The ability of AI to infer certain things that aren’t clear is also useful, he adds.

“If there are questions from developers rather than coming back to you, they now have a virtual representation of the client they can ask.”

GitHub isn’t, however, the only tool being harnessed by Enlighten. The company often uses large language models for the same queries, harnessing GPT, Gemini Advanced and Anthropic.

“We have found that Anthropic is a favourite for content creation, but we still heavily lean on GPT.”

The company is also finding work in helping customers modify their websites to improve discoverability and profile in a world where users are now turning to GPT or Copilot, rather than Google, to search.

For companies in Australia and New Zealand, as in the rest of the world, there’s a(nother) AI elephant in the room now: The EU’s AI Act.

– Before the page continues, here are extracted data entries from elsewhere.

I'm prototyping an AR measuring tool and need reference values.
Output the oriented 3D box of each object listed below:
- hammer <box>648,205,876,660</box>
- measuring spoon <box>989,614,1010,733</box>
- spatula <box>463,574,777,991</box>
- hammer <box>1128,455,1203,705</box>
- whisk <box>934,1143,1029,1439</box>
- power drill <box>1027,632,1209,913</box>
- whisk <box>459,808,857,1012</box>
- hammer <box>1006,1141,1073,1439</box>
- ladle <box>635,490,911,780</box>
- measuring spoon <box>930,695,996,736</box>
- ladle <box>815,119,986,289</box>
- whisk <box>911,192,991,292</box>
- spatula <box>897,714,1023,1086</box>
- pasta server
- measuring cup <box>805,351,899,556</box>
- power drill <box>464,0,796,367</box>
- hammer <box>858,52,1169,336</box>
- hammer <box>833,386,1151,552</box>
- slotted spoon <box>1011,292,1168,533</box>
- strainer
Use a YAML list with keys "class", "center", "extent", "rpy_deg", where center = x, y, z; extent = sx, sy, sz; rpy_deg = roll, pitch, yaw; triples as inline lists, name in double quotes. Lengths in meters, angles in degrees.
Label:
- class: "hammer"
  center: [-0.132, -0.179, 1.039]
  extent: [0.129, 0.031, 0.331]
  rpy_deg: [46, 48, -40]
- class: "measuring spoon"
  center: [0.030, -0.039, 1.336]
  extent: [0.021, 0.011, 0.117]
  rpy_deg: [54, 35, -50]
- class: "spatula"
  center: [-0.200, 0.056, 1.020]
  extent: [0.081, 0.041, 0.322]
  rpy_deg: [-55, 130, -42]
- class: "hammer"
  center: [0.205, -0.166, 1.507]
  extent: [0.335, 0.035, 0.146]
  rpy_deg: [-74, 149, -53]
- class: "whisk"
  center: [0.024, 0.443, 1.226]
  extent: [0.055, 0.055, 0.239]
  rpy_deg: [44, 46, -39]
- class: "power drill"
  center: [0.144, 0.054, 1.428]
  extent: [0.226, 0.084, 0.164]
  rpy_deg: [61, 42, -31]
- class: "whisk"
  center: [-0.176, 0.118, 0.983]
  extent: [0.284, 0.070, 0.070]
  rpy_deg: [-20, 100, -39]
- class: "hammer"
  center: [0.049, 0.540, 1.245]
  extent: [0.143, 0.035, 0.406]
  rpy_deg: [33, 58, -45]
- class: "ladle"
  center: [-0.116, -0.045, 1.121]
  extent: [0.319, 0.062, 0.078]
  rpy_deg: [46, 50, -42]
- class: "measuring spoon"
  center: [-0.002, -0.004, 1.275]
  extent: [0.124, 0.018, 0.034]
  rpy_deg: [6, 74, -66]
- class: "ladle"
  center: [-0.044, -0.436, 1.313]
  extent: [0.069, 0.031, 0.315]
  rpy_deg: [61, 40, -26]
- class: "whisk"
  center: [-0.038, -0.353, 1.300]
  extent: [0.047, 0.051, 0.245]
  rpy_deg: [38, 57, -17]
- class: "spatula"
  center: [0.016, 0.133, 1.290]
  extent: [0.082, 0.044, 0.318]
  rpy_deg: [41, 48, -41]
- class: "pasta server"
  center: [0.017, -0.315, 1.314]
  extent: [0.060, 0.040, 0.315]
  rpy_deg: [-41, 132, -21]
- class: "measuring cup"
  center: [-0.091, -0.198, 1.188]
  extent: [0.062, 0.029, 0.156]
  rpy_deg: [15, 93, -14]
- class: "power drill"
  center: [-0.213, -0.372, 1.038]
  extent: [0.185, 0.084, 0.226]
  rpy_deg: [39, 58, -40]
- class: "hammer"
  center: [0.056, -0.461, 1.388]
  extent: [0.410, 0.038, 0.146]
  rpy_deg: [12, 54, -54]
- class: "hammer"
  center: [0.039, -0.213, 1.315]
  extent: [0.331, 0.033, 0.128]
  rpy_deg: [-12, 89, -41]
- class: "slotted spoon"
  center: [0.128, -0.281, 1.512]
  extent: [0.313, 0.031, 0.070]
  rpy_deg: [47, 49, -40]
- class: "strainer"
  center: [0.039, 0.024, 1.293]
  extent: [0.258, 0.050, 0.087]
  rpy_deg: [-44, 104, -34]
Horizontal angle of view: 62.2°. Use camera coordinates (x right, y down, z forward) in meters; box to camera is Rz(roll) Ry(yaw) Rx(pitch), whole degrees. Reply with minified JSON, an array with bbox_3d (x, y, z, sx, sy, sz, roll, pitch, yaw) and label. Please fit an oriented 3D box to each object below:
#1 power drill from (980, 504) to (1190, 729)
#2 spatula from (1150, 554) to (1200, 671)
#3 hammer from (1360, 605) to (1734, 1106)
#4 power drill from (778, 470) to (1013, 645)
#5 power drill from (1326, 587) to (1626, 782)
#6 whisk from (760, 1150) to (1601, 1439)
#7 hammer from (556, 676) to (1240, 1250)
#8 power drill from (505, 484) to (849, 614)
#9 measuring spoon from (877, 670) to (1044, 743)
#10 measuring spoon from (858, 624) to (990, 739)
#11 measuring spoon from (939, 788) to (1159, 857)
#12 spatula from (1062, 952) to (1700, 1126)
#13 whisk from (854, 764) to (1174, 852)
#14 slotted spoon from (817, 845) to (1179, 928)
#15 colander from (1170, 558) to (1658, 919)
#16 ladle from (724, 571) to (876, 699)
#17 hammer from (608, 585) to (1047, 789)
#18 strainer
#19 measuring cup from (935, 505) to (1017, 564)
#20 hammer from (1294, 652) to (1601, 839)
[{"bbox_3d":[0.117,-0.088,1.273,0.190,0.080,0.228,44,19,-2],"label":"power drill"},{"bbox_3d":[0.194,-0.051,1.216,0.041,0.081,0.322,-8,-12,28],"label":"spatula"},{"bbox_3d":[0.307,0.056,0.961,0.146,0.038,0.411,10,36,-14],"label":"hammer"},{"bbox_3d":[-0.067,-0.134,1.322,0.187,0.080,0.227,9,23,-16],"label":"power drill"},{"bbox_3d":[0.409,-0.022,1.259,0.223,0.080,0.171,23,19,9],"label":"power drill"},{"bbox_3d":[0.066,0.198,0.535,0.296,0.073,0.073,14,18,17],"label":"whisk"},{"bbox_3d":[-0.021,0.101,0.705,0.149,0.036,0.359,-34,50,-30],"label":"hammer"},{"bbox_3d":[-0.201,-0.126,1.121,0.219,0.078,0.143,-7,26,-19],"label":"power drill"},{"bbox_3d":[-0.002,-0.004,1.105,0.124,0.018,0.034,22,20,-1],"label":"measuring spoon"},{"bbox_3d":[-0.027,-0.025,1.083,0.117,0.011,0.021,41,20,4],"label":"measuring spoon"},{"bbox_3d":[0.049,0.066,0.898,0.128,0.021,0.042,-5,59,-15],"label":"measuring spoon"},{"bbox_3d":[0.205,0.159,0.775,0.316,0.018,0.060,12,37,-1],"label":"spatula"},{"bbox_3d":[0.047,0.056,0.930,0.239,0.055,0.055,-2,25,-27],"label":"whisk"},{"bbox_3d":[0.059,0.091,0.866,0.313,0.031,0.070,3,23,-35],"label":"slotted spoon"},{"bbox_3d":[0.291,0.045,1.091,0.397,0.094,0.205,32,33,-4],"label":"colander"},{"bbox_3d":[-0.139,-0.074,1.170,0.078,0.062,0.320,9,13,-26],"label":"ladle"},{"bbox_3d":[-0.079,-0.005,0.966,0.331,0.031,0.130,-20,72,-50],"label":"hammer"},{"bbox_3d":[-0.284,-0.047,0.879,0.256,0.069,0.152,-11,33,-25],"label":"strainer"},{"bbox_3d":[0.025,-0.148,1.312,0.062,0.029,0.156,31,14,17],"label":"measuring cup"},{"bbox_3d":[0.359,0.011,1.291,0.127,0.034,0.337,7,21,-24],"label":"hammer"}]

Last month members of the European Parliament voted to pass the act, dubbed the world’s first comprehensive law on AI.

It will bring into force AI regulations, potentially as early as this month or next, which will see categorise AI based on its level of risk and prohibit some systems, while imposing stringent regulations on systems deemed to be high risk.

The Act applies not just to companies operating in the EU, but to any business operating there or handling data of EU citizens, necessitating adherence to its regulatory framework to maintain market access and competitiveness.

“The EU AI Act is going to impact us significantly here in New Zealand, we can’t pretend that it won’t,” Kelly says.

“We are going to have responsibilities that come in because of this. We will need to adhere to strict compliance requirements and perform rigorous risk assessments and think about how the technologies we use will be considered by the end users.

“It certainly introduces another level of compliance management on providers who are wanting to sell and deliver into the EU market and local companies who deliver into Europe will be watching with interest how the bellwether cases develop.”